- _Assigned task_: Please transcribe the data exactly as shown, skipping the images.

- _Data for analysis_:

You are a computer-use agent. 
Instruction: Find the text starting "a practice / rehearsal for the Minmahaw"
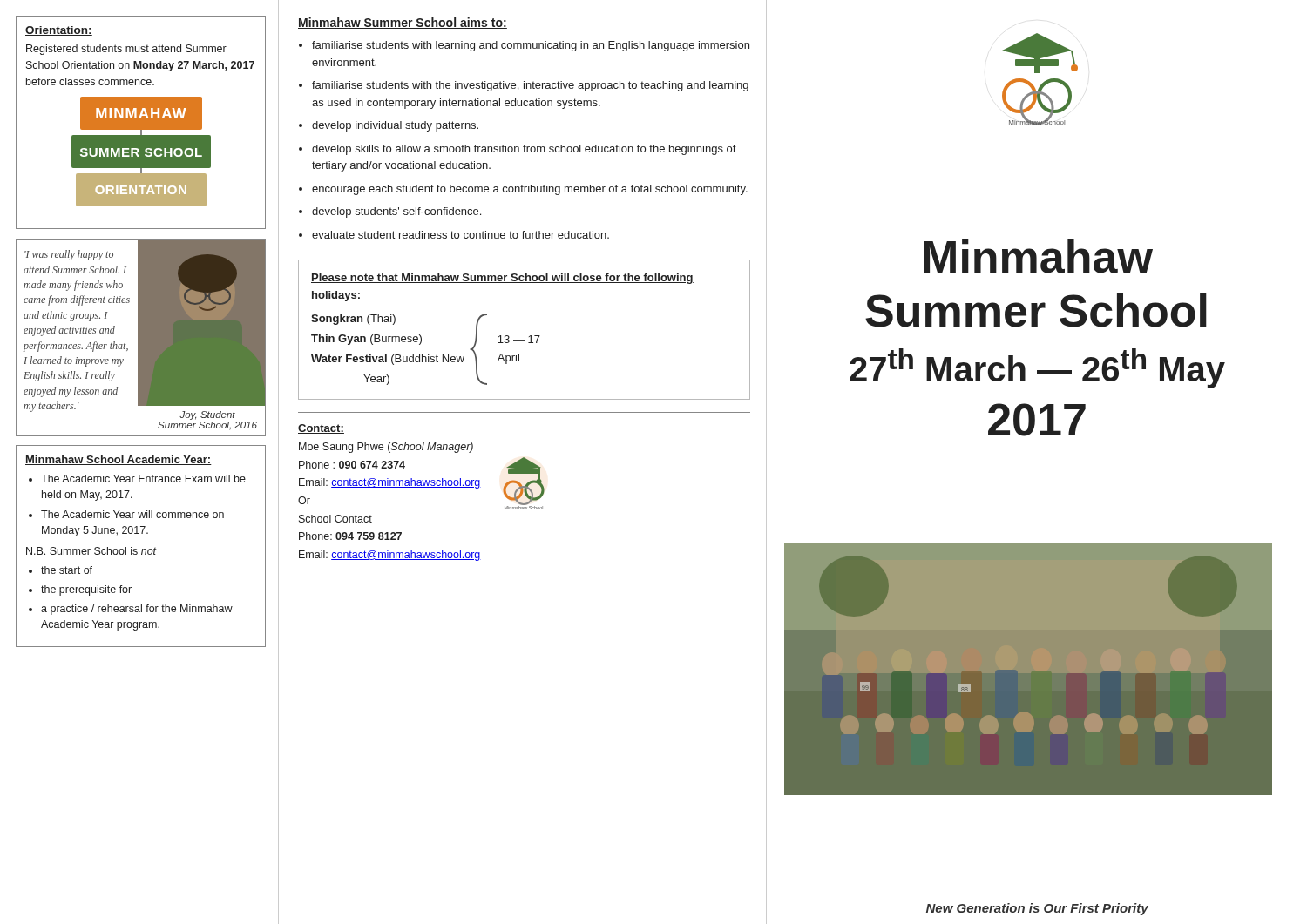(137, 617)
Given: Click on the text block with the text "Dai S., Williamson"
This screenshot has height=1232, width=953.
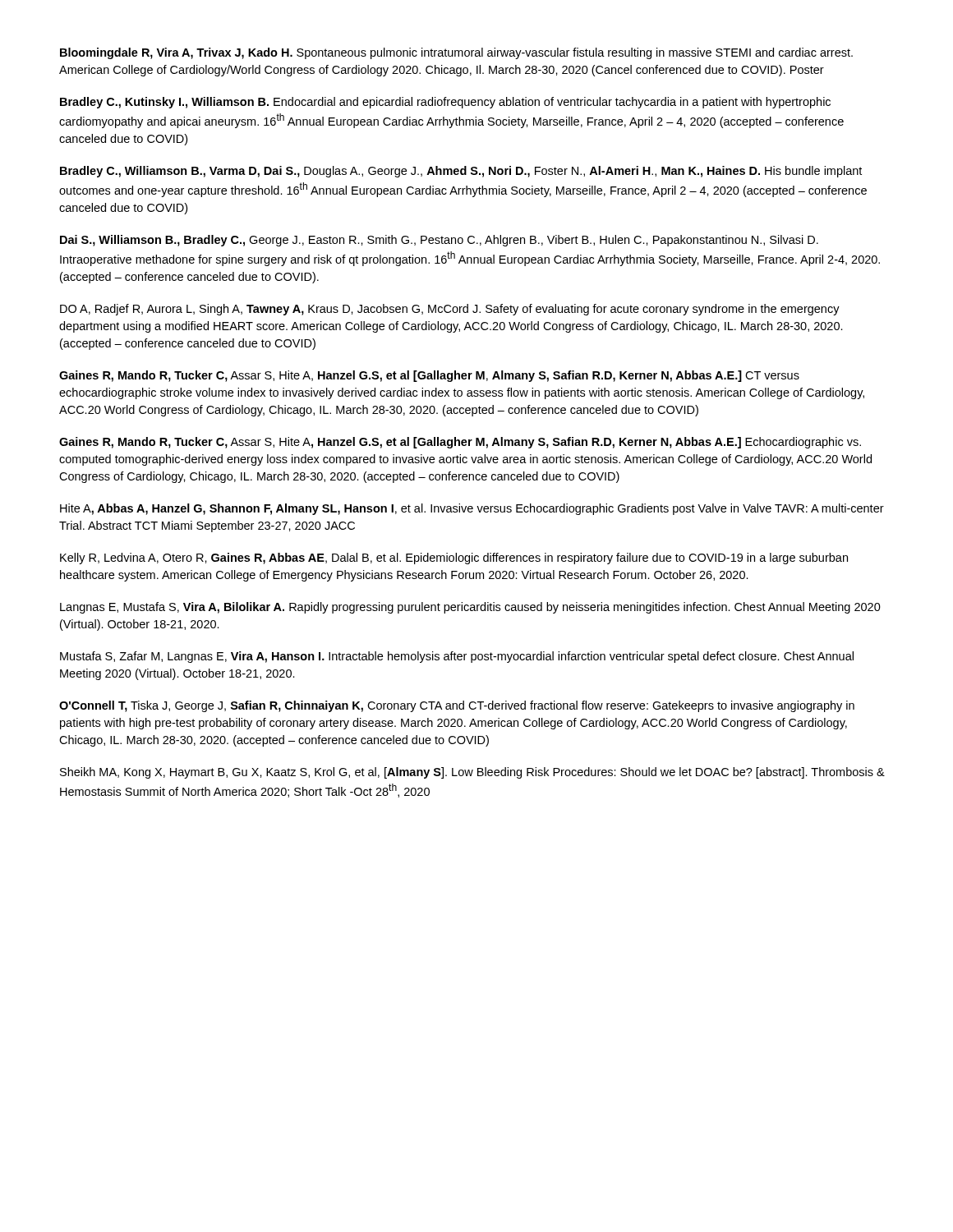Looking at the screenshot, I should (470, 258).
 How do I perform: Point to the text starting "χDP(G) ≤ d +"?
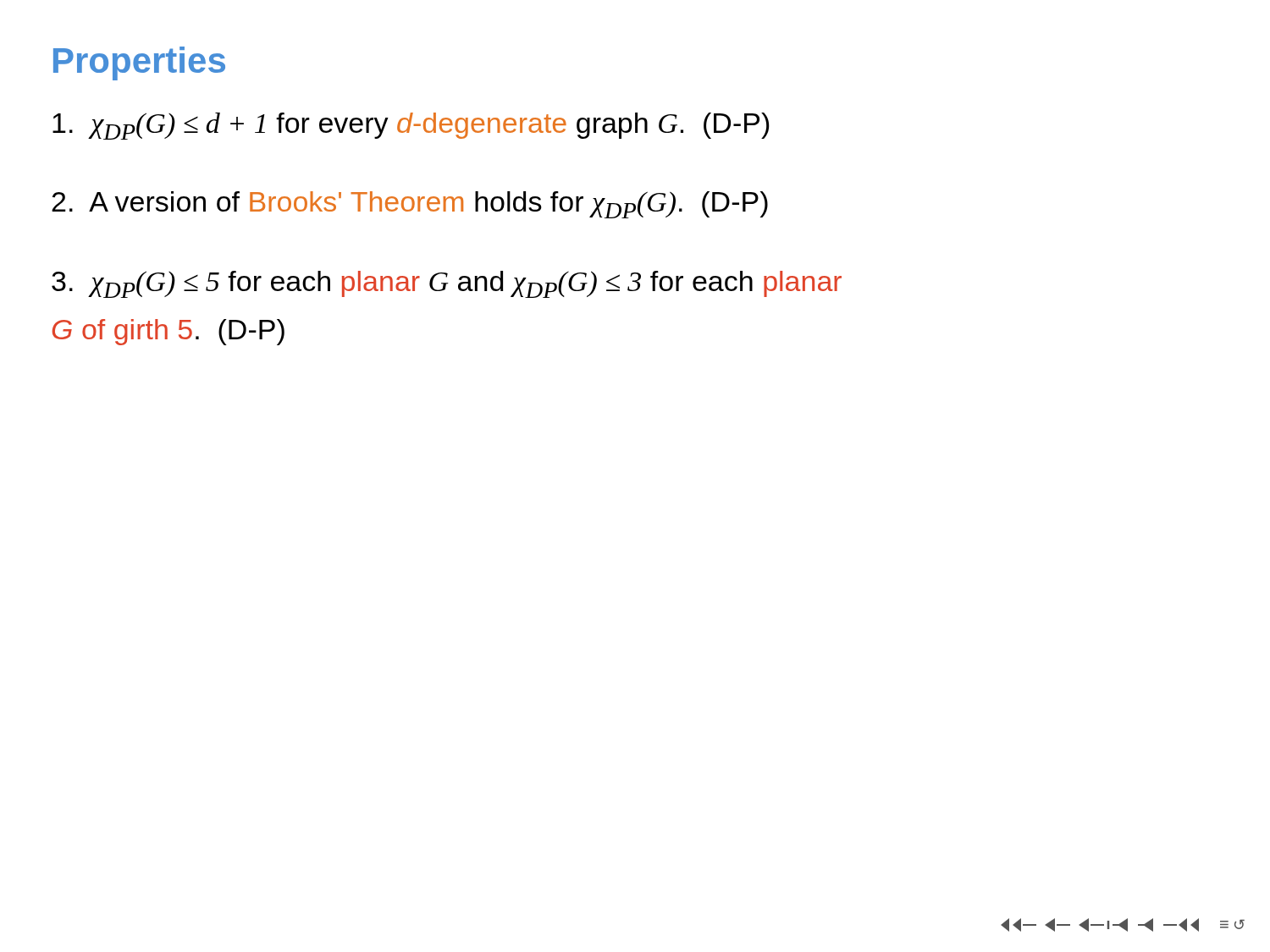[411, 126]
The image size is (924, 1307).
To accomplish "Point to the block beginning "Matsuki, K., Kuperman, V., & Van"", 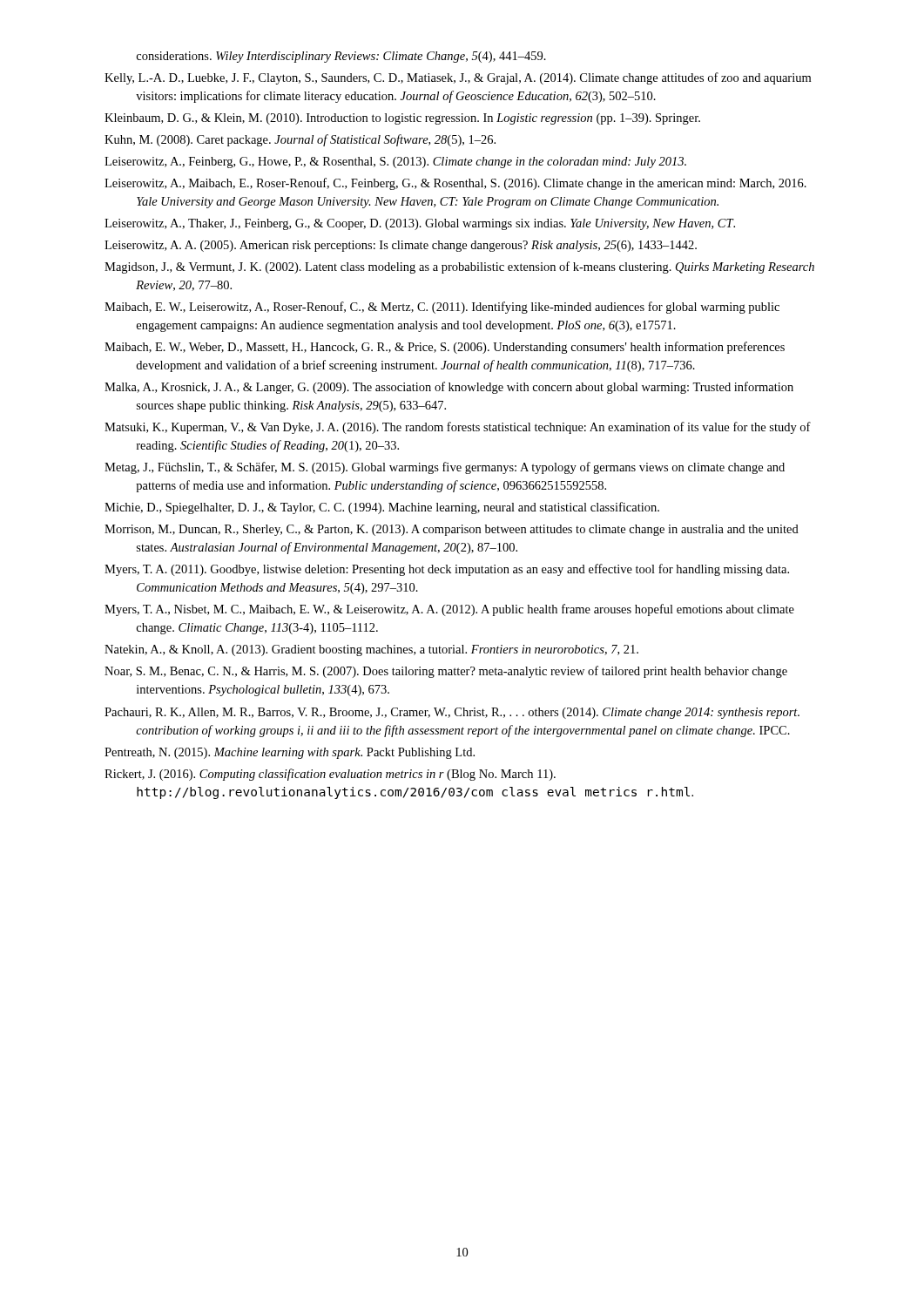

- _Solution to the exercise_:
You are a computer-use agent. 
Instruction: Find the text starting "a practice / rehearsal for the Minmahaw"
(137, 617)
Given: Click on the text block with the text "Dai S., Williamson"
This screenshot has height=1232, width=953.
Looking at the screenshot, I should (470, 258).
 How do I perform: Point to the text starting "χDP(G) ≤ d +"?
[411, 126]
The image size is (924, 1307).
To accomplish "Point to the block beginning "Matsuki, K., Kuperman, V., & Van"", 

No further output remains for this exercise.